------ RECORDS TO PROCESS ------

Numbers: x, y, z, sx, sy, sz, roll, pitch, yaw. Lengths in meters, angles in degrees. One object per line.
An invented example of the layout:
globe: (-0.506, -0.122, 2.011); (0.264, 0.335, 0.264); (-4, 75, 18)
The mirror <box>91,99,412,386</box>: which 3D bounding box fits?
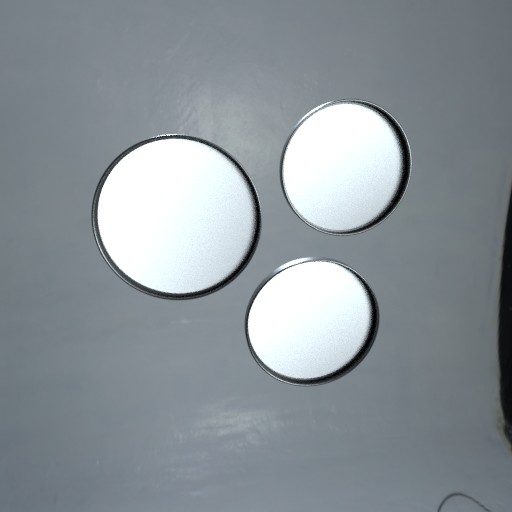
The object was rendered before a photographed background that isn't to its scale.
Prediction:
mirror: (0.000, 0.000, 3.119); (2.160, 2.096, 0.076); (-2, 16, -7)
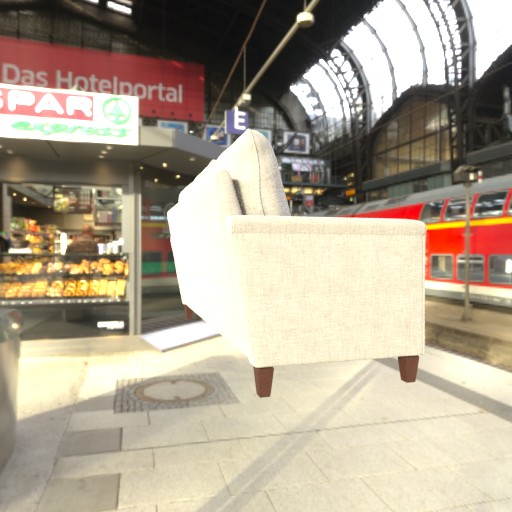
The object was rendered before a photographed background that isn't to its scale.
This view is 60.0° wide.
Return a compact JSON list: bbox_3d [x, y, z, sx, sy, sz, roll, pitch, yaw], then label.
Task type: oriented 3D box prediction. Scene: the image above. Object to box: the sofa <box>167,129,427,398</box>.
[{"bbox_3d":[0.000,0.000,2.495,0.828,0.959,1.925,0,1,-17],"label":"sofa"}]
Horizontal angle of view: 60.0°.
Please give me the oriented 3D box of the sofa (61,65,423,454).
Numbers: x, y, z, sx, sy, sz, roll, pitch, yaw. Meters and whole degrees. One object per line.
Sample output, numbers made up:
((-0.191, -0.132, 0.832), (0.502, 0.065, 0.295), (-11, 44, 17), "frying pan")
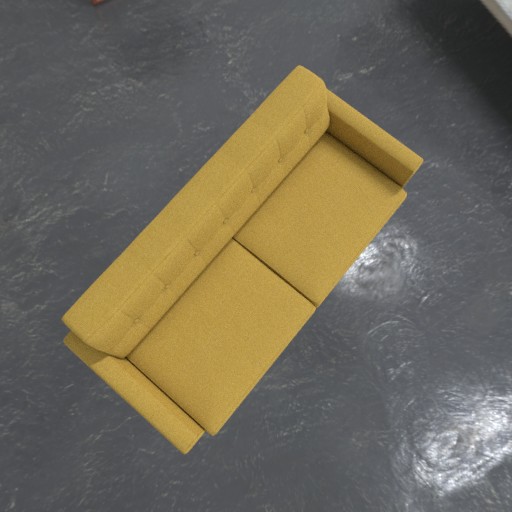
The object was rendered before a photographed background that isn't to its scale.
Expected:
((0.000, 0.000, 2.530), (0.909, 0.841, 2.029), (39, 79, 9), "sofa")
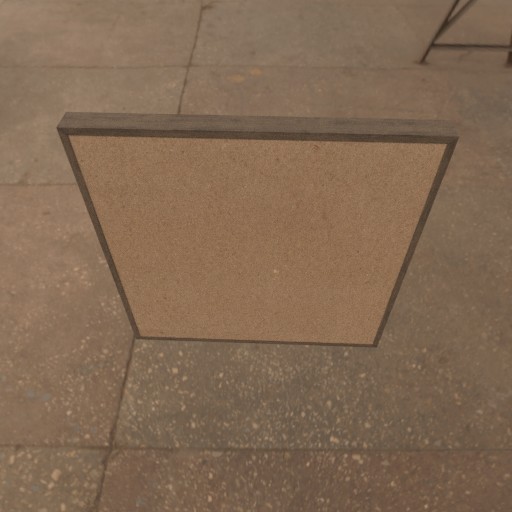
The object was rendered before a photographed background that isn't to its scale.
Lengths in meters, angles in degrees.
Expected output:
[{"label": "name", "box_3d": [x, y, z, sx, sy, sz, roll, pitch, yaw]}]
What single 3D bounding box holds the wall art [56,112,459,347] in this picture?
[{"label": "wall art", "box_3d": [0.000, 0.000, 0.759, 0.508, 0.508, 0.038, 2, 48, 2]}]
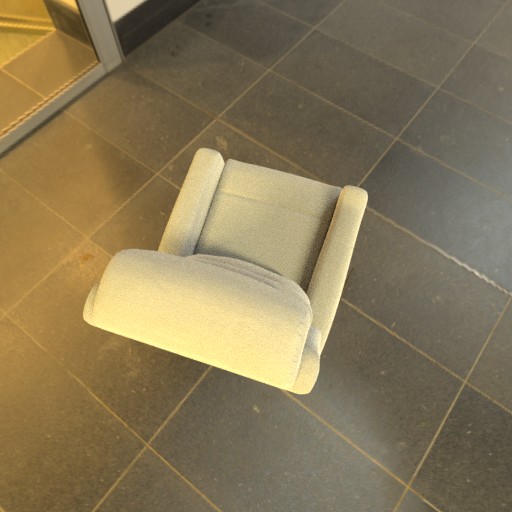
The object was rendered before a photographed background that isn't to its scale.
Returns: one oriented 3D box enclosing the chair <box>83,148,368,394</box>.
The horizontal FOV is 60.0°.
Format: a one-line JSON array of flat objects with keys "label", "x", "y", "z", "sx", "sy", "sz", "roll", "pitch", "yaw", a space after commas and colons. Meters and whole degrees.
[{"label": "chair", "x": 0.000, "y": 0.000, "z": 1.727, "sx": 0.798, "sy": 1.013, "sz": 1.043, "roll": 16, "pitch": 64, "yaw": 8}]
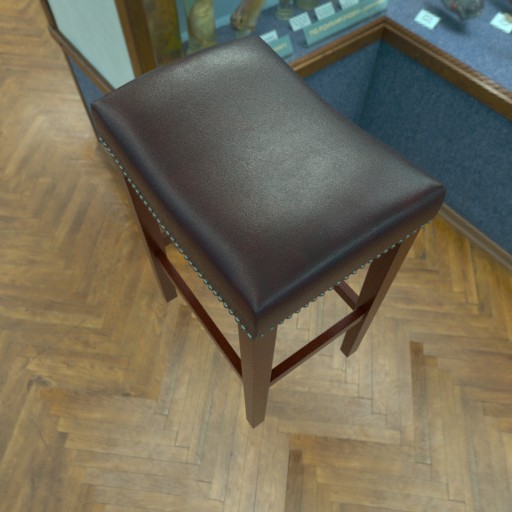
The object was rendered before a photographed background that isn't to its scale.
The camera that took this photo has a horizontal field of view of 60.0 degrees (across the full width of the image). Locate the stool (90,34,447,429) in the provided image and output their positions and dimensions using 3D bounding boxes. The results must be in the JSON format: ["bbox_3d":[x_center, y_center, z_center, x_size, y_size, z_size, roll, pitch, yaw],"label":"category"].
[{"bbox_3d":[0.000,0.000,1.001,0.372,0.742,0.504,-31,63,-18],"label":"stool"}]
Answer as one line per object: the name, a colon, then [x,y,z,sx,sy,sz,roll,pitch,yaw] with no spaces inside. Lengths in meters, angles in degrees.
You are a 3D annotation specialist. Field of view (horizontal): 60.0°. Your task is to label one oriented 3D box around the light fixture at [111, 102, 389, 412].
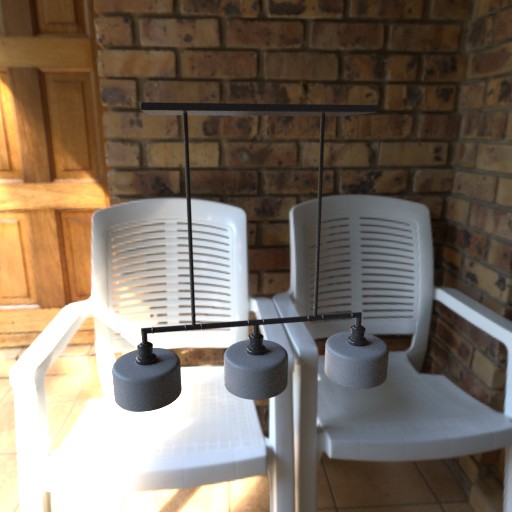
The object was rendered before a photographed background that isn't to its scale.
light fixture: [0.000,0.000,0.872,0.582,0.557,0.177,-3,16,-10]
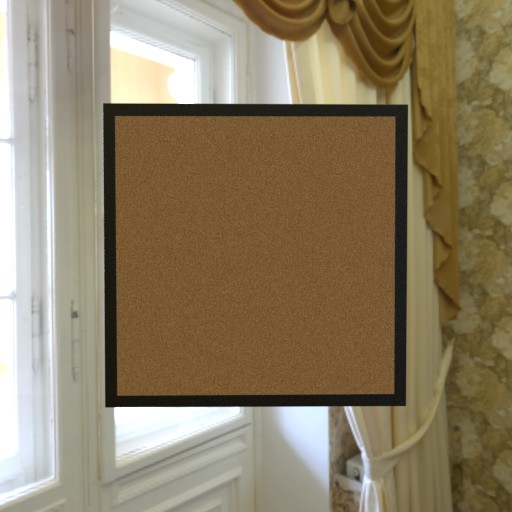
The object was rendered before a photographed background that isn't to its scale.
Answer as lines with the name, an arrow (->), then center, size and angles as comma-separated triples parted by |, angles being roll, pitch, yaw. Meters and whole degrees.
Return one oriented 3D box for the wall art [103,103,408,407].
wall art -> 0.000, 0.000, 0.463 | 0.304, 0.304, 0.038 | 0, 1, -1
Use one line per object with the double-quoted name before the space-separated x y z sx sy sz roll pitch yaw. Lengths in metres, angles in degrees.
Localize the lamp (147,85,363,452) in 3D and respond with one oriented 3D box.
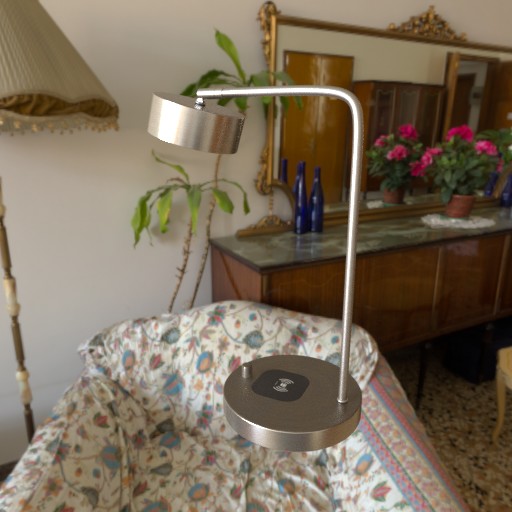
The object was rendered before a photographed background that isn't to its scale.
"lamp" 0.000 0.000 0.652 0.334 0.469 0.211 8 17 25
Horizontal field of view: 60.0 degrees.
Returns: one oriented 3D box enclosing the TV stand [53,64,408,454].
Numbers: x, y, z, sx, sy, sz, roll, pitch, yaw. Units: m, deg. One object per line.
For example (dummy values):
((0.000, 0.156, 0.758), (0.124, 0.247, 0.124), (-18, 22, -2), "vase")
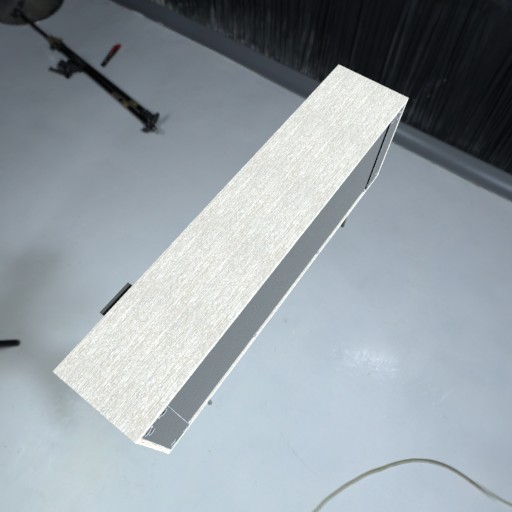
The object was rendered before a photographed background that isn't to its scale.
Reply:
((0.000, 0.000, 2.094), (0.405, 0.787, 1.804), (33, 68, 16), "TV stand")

------

# EXERCISE REQUIREMENTS
Set down every entry above without alteration, but print no images.

# COMPLETED EXERCISE
Numbers: x, y, z, sx, sy, sz, roll, pitch, yaw. Lengths in meters, angles in degrees. One object per line.
An invented example of the layout:
globe: (-0.506, -0.122, 2.011); (0.264, 0.335, 0.264); (-4, 75, 18)
The mirror <box>91,99,412,386</box>: which 3D bounding box fits?
The object was rendered before a photographed background that isn't to its scale.
Prediction:
mirror: (0.000, 0.000, 3.119); (2.160, 2.096, 0.076); (-2, 16, -7)
The object was rendered before a photographed background that isn't to its scale.
This view is 60.0° wide.
Return a compact JSON list: bbox_3d [x, y, z, sx, sy, sz, roll, pitch, yaw], then label.
Task type: oriented 3D box prediction. Scene: the image above. Object to box: the sofa <box>167,129,427,398</box>.
[{"bbox_3d":[0.000,0.000,2.495,0.828,0.959,1.925,0,1,-17],"label":"sofa"}]
Horizontal angle of view: 60.0°.
Please give me the oriented 3D box of the sofa (61,65,423,454).
Numbers: x, y, z, sx, sy, sz, roll, pitch, yaw. Meters and whole degrees. One object per line.
Sample output, numbers made up:
((-0.191, -0.132, 0.832), (0.502, 0.065, 0.295), (-11, 44, 17), "frying pan")
The object was rendered before a photographed background that isn't to its scale.
Expected:
((0.000, 0.000, 2.530), (0.909, 0.841, 2.029), (39, 79, 9), "sofa")
The object was rendered before a photographed background that isn't to its scale.
Lengths in meters, angles in degrees.
Expected output:
[{"label": "name", "box_3d": [x, y, z, sx, sy, sz, roll, pitch, yaw]}]
What single 3D bounding box holds the wall art [56,112,459,347] in this picture?
[{"label": "wall art", "box_3d": [0.000, 0.000, 0.759, 0.508, 0.508, 0.038, 2, 48, 2]}]
The object was rendered before a photographed background that isn't to its scale.
Returns: one oriented 3D box enclosing the chair <box>83,148,368,394</box>.
The horizontal FOV is 60.0°.
Format: a one-line JSON array of flat objects with keys "label", "x", "y", "z", "sx", "sy", "sz", "roll", "pitch", "yaw", a space after commas and colons. Meters and whole degrees.
[{"label": "chair", "x": 0.000, "y": 0.000, "z": 1.727, "sx": 0.798, "sy": 1.013, "sz": 1.043, "roll": 16, "pitch": 64, "yaw": 8}]
The object was rendered before a photographed background that isn't to its scale.
The camera that took this photo has a horizontal field of view of 60.0 degrees (across the full width of the image). Locate the stool (90,34,447,429) in the provided image and output their positions and dimensions using 3D bounding boxes. The results must be in the JSON format: ["bbox_3d":[x_center, y_center, z_center, x_size, y_size, z_size, roll, pitch, yaw],"label":"category"].
[{"bbox_3d":[0.000,0.000,1.001,0.372,0.742,0.504,-31,63,-18],"label":"stool"}]
Answer as one line per object: the name, a colon, then [x,y,z,sx,sy,sz,roll,pitch,yaw] with no spaces inside. Lengths in meters, angles in degrees.
You are a 3D annotation specialist. Field of view (horizontal): 60.0°. Your task is to label one oriented 3D box around the light fixture at [111, 102, 389, 412].
The object was rendered before a photographed background that isn't to its scale.
light fixture: [0.000,0.000,0.872,0.582,0.557,0.177,-3,16,-10]
The object was rendered before a photographed background that isn't to its scale.
Answer as lines with the name, an arrow (->), then center, size and angles as comma-separated triples parted by |, angles being roll, pitch, yaw. Meters and whole degrees.
Return one oriented 3D box for the wall art [103,103,408,407].
wall art -> 0.000, 0.000, 0.463 | 0.304, 0.304, 0.038 | 0, 1, -1
Use one line per object with the double-quoted name before the space-separated x y z sx sy sz roll pitch yaw. Lengths in metres, angles in degrees.
Localize the lamp (147,85,363,452) in 3D and respond with one oriented 3D box.
The object was rendered before a photographed background that isn't to its scale.
"lamp" 0.000 0.000 0.652 0.334 0.469 0.211 8 17 25
Horizontal field of view: 60.0 degrees.
Returns: one oriented 3D box enclosing the TV stand [53,64,408,454].
Numbers: x, y, z, sx, sy, sz, roll, pitch, yaw. Units: m, deg. One object per line.
For example (dummy values):
((0.000, 0.156, 0.758), (0.124, 0.247, 0.124), (-18, 22, -2), "vase")
The object was rendered before a photographed background that isn't to its scale.
Reply:
((0.000, 0.000, 2.094), (0.405, 0.787, 1.804), (33, 68, 16), "TV stand")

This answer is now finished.